DATA SUPPLIED below:

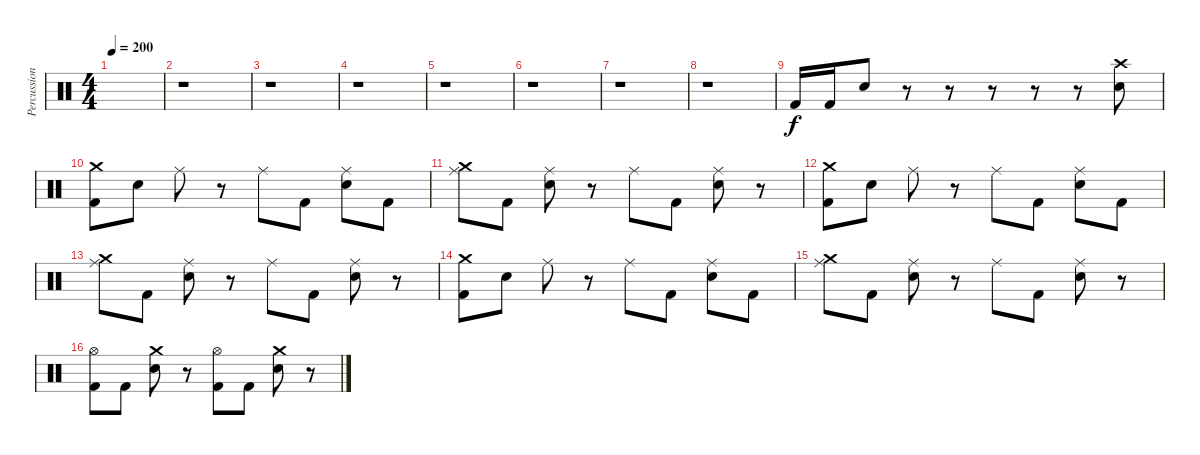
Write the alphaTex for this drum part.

\track ("Percussion" "Percussion") {instrument percussion}
\staff {score}
\articulation defaults
\ts (4 4)
\tempo 200
\clef neutral
\ks c
|
r.1 |
r.1 |
r.1 |
r.1 |
r.1 |
r.1 |
r.1 |
"Kick (hit) 2".16 "Kick (hit) 2".16 "Snare (hit) 2".8 r.8 r.8 r.8 r.8 r.8 ("Crash high (hit)" "Snare (hit) 2").8 |
("Crash medium (hit)" "Kick (hit) 2").8 "Snare (hit) 2".8 "Ride (middle)".8 r.8 "Ride (middle)".8 "Kick (hit) 2".8 ("Ride (middle)" "Snare (hit) 2").8 "Kick (hit) 2".8 |
("Crash medium (hit)" "Ride (middle)").8 "Kick (hit) 2".8 ("Ride (middle)" "Snare (hit) 2").8 r.8 "Ride (middle)".8 "Kick (hit) 2".8 ("Ride (middle)" "Snare (hit) 2").8 r.8 |
("Crash medium (hit)" "Kick (hit) 2").8 "Snare (hit) 2".8 "Ride (middle)".8 r.8 "Ride (middle)".8 "Kick (hit) 2".8 ("Ride (middle)" "Snare (hit) 2").8 "Kick (hit) 2".8 |
("Crash medium (hit)" "Ride (middle)").8 "Kick (hit) 2".8 ("Ride (middle)" "Snare (hit) 2").8 r.8 "Ride (middle)".8 "Kick (hit) 2".8 ("Ride (middle)" "Snare (hit) 2").8 r.8 |
("Crash medium (hit)" "Kick (hit) 2").8 "Snare (hit) 2".8 "Ride (middle)".8 r.8 "Ride (middle)".8 "Kick (hit) 2".8 ("Ride (middle)" "Snare (hit) 2").8 "Kick (hit) 2".8 |
("Crash medium (hit)" "Ride (middle)").8 "Kick (hit) 2".8 ("Ride (middle)" "Snare (hit) 2").8 r.8 "Ride (middle)".8 "Kick (hit) 2".8 ("Ride (middle)" "Snare (hit) 2").8 r.8 |
("Hi-Hat (open)" "Kick (hit) 2").8 "Kick (hit) 2".8 ("Crash medium (hit)" "Snare (hit) 2").8 r.8 ("Hi-Hat (open)" "Kick (hit) 2").8 "Kick (hit) 2".8 ("Crash medium (hit)" "Snare (hit) 2").8 r.8

End of DATA SUPPLIED.

# WORK ORDER:
If a record above holds a picture, leave the picture out and write out everything else exactly.

# SOLUTION FOR THIS PROBLEM:
Write the alphaTex for this drum part.

\track ("Percussion" "Percussion") {instrument percussion}
\staff {score}
\articulation defaults
\ts (4 4)
\tempo 200
\clef neutral
\ks c
|
r.1 |
r.1 |
r.1 |
r.1 |
r.1 |
r.1 |
r.1 |
"Kick (hit) 2".16 "Kick (hit) 2".16 "Snare (hit) 2".8 r.8 r.8 r.8 r.8 r.8 ("Crash high (hit)" "Snare (hit) 2").8 |
("Crash medium (hit)" "Kick (hit) 2").8 "Snare (hit) 2".8 "Ride (middle)".8 r.8 "Ride (middle)".8 "Kick (hit) 2".8 ("Ride (middle)" "Snare (hit) 2").8 "Kick (hit) 2".8 |
("Crash medium (hit)" "Ride (middle)").8 "Kick (hit) 2".8 ("Ride (middle)" "Snare (hit) 2").8 r.8 "Ride (middle)".8 "Kick (hit) 2".8 ("Ride (middle)" "Snare (hit) 2").8 r.8 |
("Crash medium (hit)" "Kick (hit) 2").8 "Snare (hit) 2".8 "Ride (middle)".8 r.8 "Ride (middle)".8 "Kick (hit) 2".8 ("Ride (middle)" "Snare (hit) 2").8 "Kick (hit) 2".8 |
("Crash medium (hit)" "Ride (middle)").8 "Kick (hit) 2".8 ("Ride (middle)" "Snare (hit) 2").8 r.8 "Ride (middle)".8 "Kick (hit) 2".8 ("Ride (middle)" "Snare (hit) 2").8 r.8 |
("Crash medium (hit)" "Kick (hit) 2").8 "Snare (hit) 2".8 "Ride (middle)".8 r.8 "Ride (middle)".8 "Kick (hit) 2".8 ("Ride (middle)" "Snare (hit) 2").8 "Kick (hit) 2".8 |
("Crash medium (hit)" "Ride (middle)").8 "Kick (hit) 2".8 ("Ride (middle)" "Snare (hit) 2").8 r.8 "Ride (middle)".8 "Kick (hit) 2".8 ("Ride (middle)" "Snare (hit) 2").8 r.8 |
("Hi-Hat (open)" "Kick (hit) 2").8 "Kick (hit) 2".8 ("Crash medium (hit)" "Snare (hit) 2").8 r.8 ("Hi-Hat (open)" "Kick (hit) 2").8 "Kick (hit) 2".8 ("Crash medium (hit)" "Snare (hit) 2").8 r.8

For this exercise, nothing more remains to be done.